* **TASK PROMPT**
Please restate the records that follow exactly, skipping their images.

Records from a data source
=======
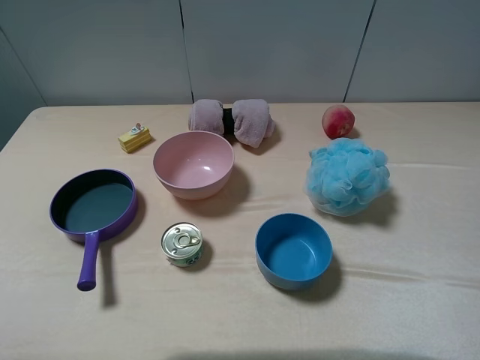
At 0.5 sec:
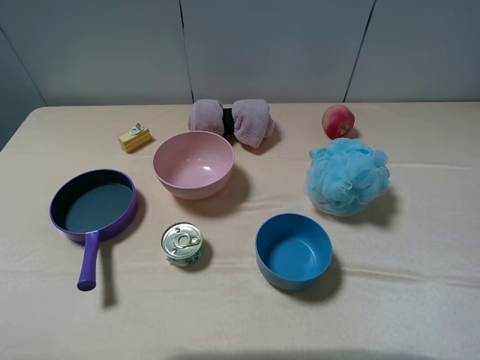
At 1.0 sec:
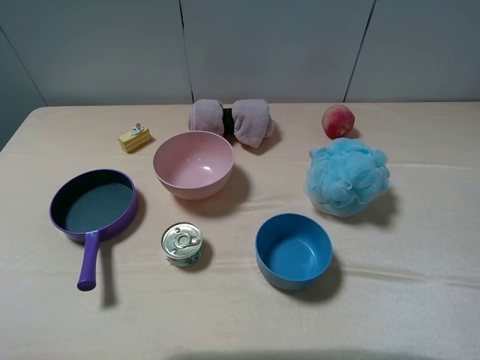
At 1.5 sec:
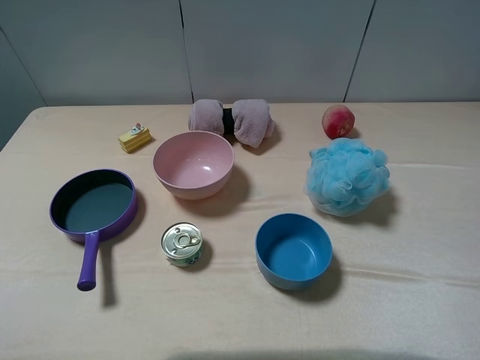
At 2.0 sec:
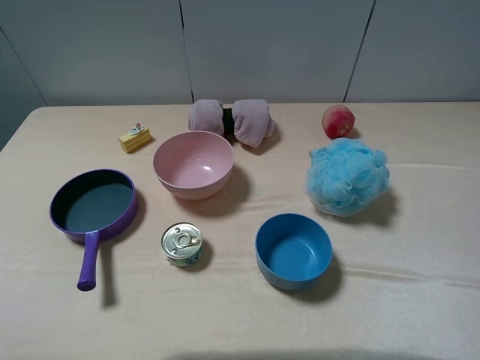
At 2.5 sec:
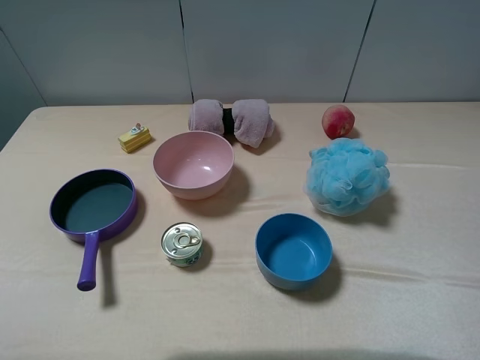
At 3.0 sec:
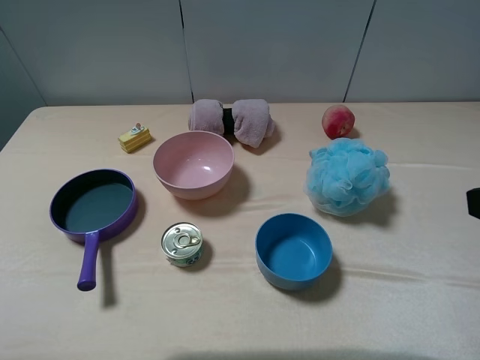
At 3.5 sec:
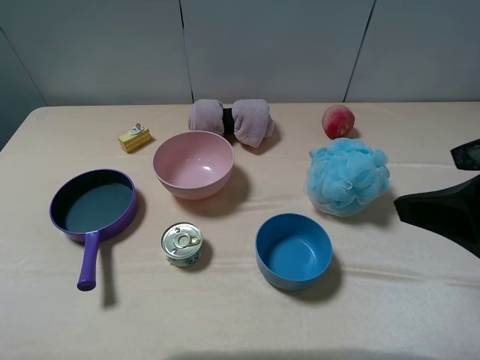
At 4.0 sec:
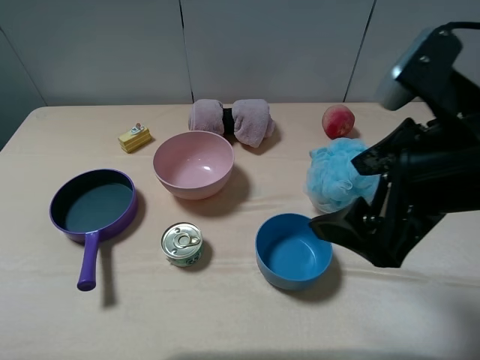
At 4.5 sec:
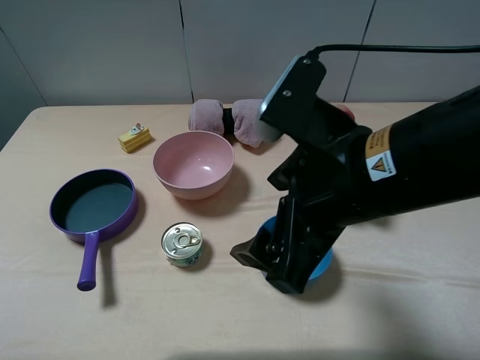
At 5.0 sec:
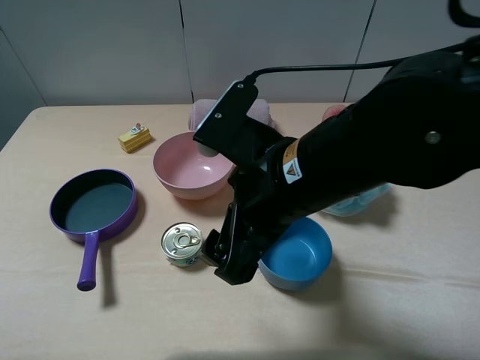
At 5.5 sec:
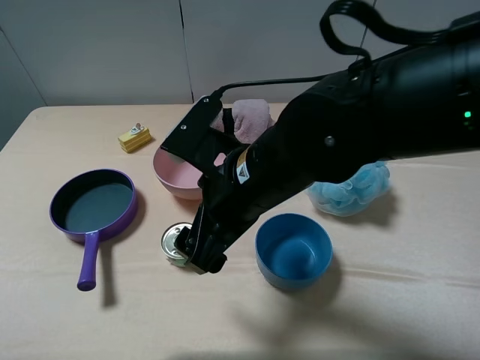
=======
* **THE COMPLETED TASK**
At 0.5 sec:
At 1.0 sec:
At 1.5 sec:
At 2.0 sec:
At 2.5 sec:
At 3.0 sec:
At 3.5 sec:
At 4.0 sec:
At 4.5 sec:
At 5.0 sec:
At 5.5 sec:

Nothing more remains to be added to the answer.